I'm interested in seeing part 2.

And just a side question, is it impossible to have a pandering male nerd fantasy AND also a deep and meaningful heroine? Can you kill two birds with one stone?

I disagree with Bob a lot of the time, including on this movie being good, but this is one of the few episodes where I actually think he has some really good points. What can I say? I'm impressed

The Almighty Aardvark:
I disagree with Bob a lot of the time, including on this movie being good, but this is one of the few episodes where I actually think he has some really good points. What can I say? I'm impressed

A lot of this, actually, most of this. I'm not a movie guy and I'm even less a movie critic guy, but Bob hit the nail square on the soft head of a movie it was. I'll even admit that I didn't really 'get it' when I first saw it but more pieced it together after the fact, reminiscing with the woman on just how fragmented and hard to follow it was. When we finally realized it was a fantasy (action sequences) within a fantasy (brothel/speakeasy/whore house) within a horror (mental institution where all the female inmates are brutalized and sexually molested) movie, we looked at each other blankly and decided to move on, but we still, both of us actually, appreciated what was trying to be put across, even with the terrible segues within 'Sucker Punch' which took you away from the point trying to be made. Even still we found it more comforting and less frustrating to talk about the possibility of a movie illustrating the mating habits of shrews than to continue trying to dig to the depths that Bob did. So thanks Bob; you did all the hard work of gathering meaning from poor illustration and imagery that was more nerdo-circle-jerk than shawshank-redeemed.

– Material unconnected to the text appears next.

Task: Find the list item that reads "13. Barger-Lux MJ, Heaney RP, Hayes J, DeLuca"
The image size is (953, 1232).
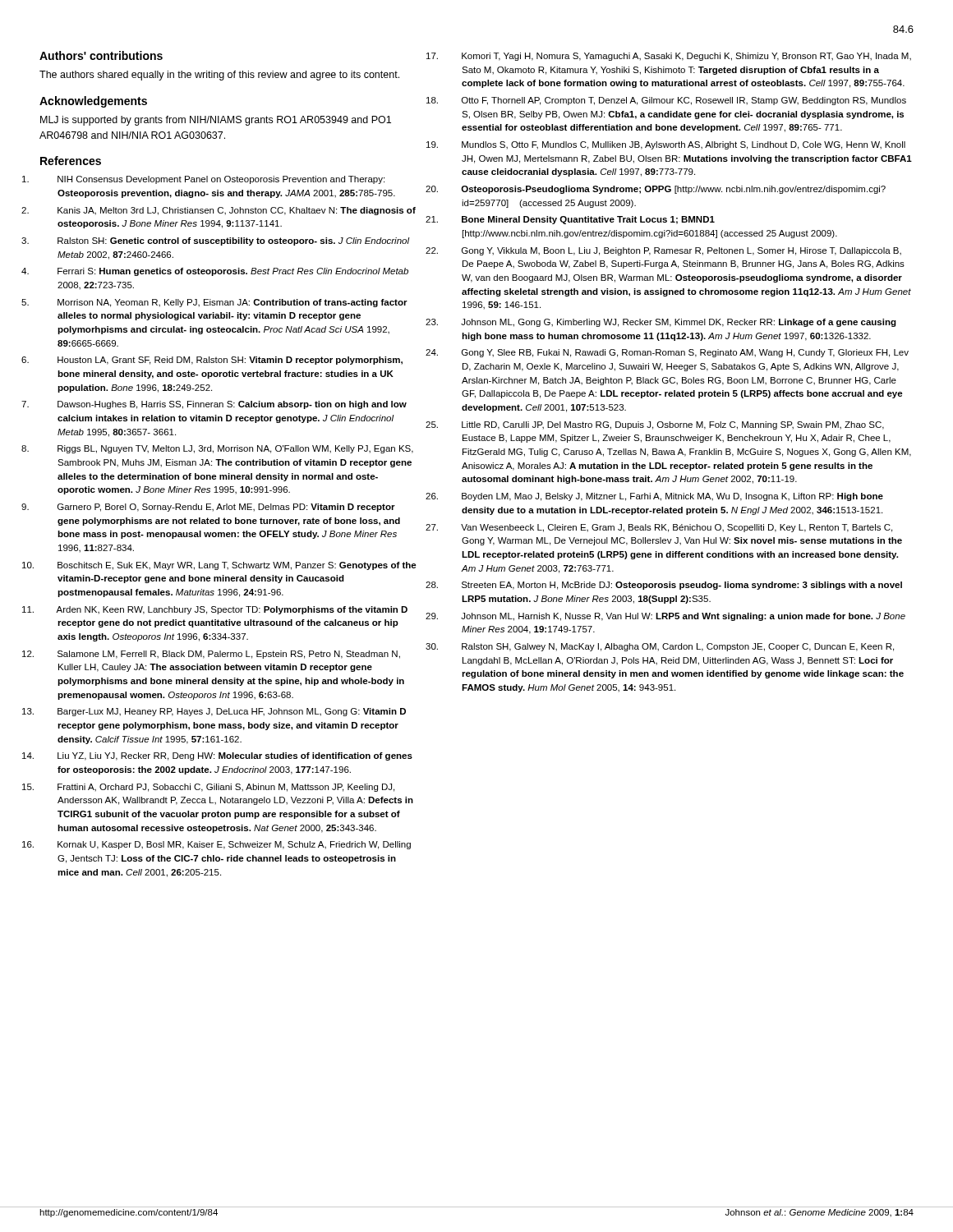Action: (x=223, y=725)

I love LOVE this movie. I kinda feel like it did something sort of similar to Cabin In The Woods... which was another movie which some people loved and some hated (though i think it was more loved in general overall)

I def. very much did "get" it, but i felt it was a very enjoyable "music videoish" type movie even if you turned your brain off and neglected to "get" it so i am sort of confused as to why so many people didn't like it.

And on a side note. This idea that just because everyone does not understand the movie, then the movie is not good because it doesn't convey the message in a way that everyone can grasp... This is totally absurd. If you believe in that then you must also believe that (for example) pretty much every philosopher who ever existed is a shitty philosopher because many (if not most) people upon reading their works will not grasp what they are trying to say. In fact most meaningful works of art which present new or interesting ideas are NOT understood by most people right away, let alone everyone. To say they are not good because people "don't get it" is ridiculous.

I don't think I am going to read through all of the pages of this discussion but it seems that many of the complaints about the movie being brought up are people not appreciating the role of those elements. That may be because they didn't "get it" or it may be that they just didn't like the use of those particular elements or their execution. I am wondering though how many people in this thread have such wonderfully scripted daydreams that they don't get why the internal fantasies of half mad abuse victims are chaotic, disjointed, and only marginally sensical.

In the words of Ben "Yahtzee" Croshaw "Just because you're being ironic doesn't mean people aren't going to fap to it" sucker punch is misogynistic because the women portrayed in the movie lack any positive qualities and they are being exploited sexualy by the movie even if this is suppose to be ironically.All they are is just sex dolls and they never evolve past that

If a movie is suppose to be feminist just because all the men in it are horrible people then you're wrong. All it is is misandric and misogynistic at the same time

I thought the movie was ok, but I hated the ending. That was the real sucker punch in there in my opinion.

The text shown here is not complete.